Use interruptible and resource_group to stop waste

Two cheap settings claw back a surprising amount of cost and contention. interruptible: true lets GitLab auto-cancel a redundant pipeline when you push again, so you stop paying for builds nobody will look at. resource_group serializes jobs that must not run concurrently — like a deploy — so you don’t pay for two runners colliding over the same environment.

build:
  interruptible: true        # killed if a newer commit supersedes this one
  script: [make build]

deploy-staging:
  resource_group: staging     # only one staging deploy runs at a time
  environment: staging
  script: [./deploy.sh staging]

Pair interruptible with the “auto-cancel redundant pipelines” project setting and your fast-moving branches stop stacking up dead jobs. These two are some of the highest-leverage one-liners in the whole file.

Let AI read the pipeline and the data

Here’s the workflow that actually moved our numbers.
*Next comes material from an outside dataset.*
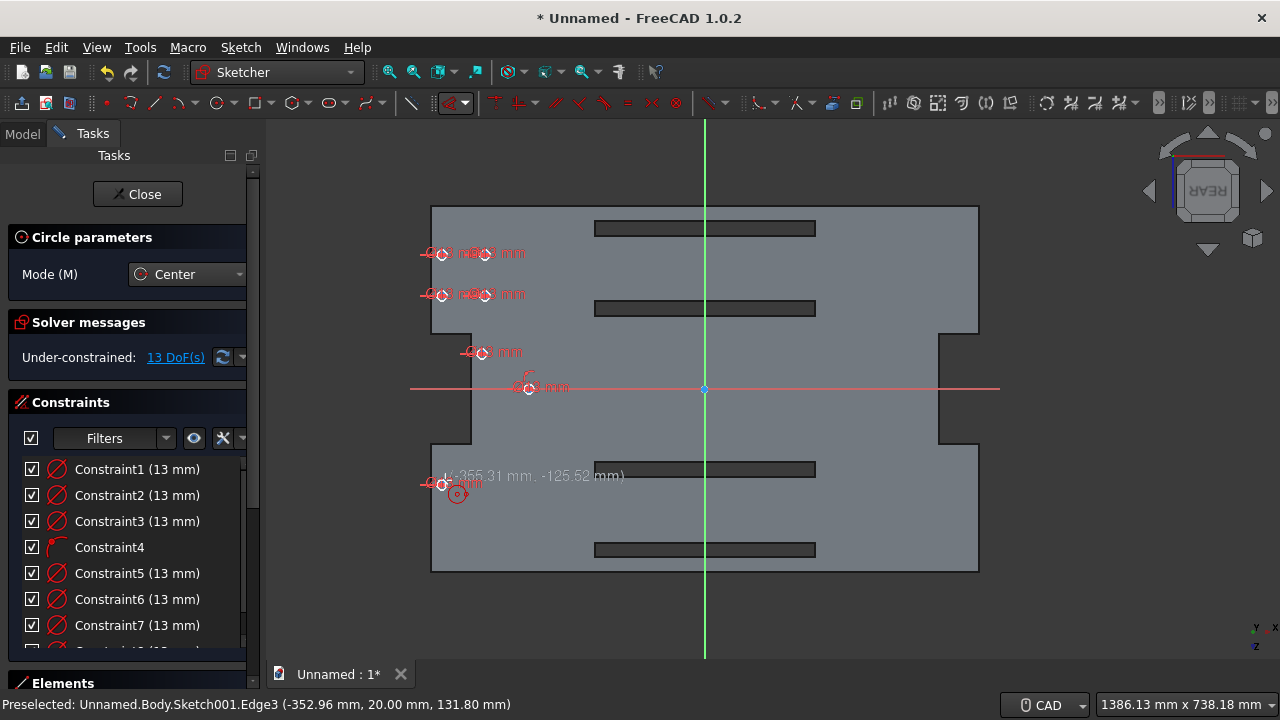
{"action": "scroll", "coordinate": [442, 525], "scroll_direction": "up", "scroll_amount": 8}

Export a CSV of job stats from the GitLab API — name, average duration, p95 duration, failure rate, current tags — and hand it to the assistant alongside the .gitlab-ci.yml.

# Pull recent job data for one project as CSV input for the model
curl --header "PRIVATE-TOKEN: $READ_TOKEN" \
  "https://gitlab.example.com/api/v4/projects/$ID/jobs?per_page=100" \
  | jq -r '.[] | [.name, .duration, .runner.description, .status] | @csv'

Then the prompt is roughly: “Given this pipeline and this job-duration CSV, propose a tag map and KUBERNETES_* resource values per job. Flag jobs whose tags match no runner, jobs whose memory limit looks too low given their failure pattern, and any job that should be interruptible.” The model came back with a per-job table that correctly fingered our build job’s OOM kills from its failure rate and proposed a high-memory tag plus a 8Gi limit.

That’s the model at its best: correlating durations and failures with resource hints faster than I could by hand. It’s still a junior engineer’s draft. It suggested bumping a flaky integration test to 8 cores when the real issue was a race condition, not CPU starvation. I caught that in review. You will catch things too, which is the point.

Pro Tip: Strip secrets out of any file before it goes near a model. Never paste a .runner_system_id, a registration token, or your CI_JOB_TOKEN into a chat. Resource tuning needs job names and durations, nothing privileged.

If you want a starting prompt, the prompts library and the ready-made bundles in prompt packs include CI analysis templates, and tools like Claude or Cursor handle the CSV-plus-YAML correlation well. The broader GitLab CI/CD guides cover the pipeline mechanics underneath all of this.

Wrapping up

Runner tuning isn’t glamorous, but matching job weight to runner capacity fixed both my queue times and my bill in a single afternoon. AI made that afternoon possible by doing the tedious correlation work — lining up durations, failures, and tags — and handing me a reviewable draft. I kept what was right, threw out the race-condition misdiagnosis, and never let a token anywhere near the chat window. Use it as the fast junior engineer it is: great at the first pass, never the last word, and never trusted with the keys.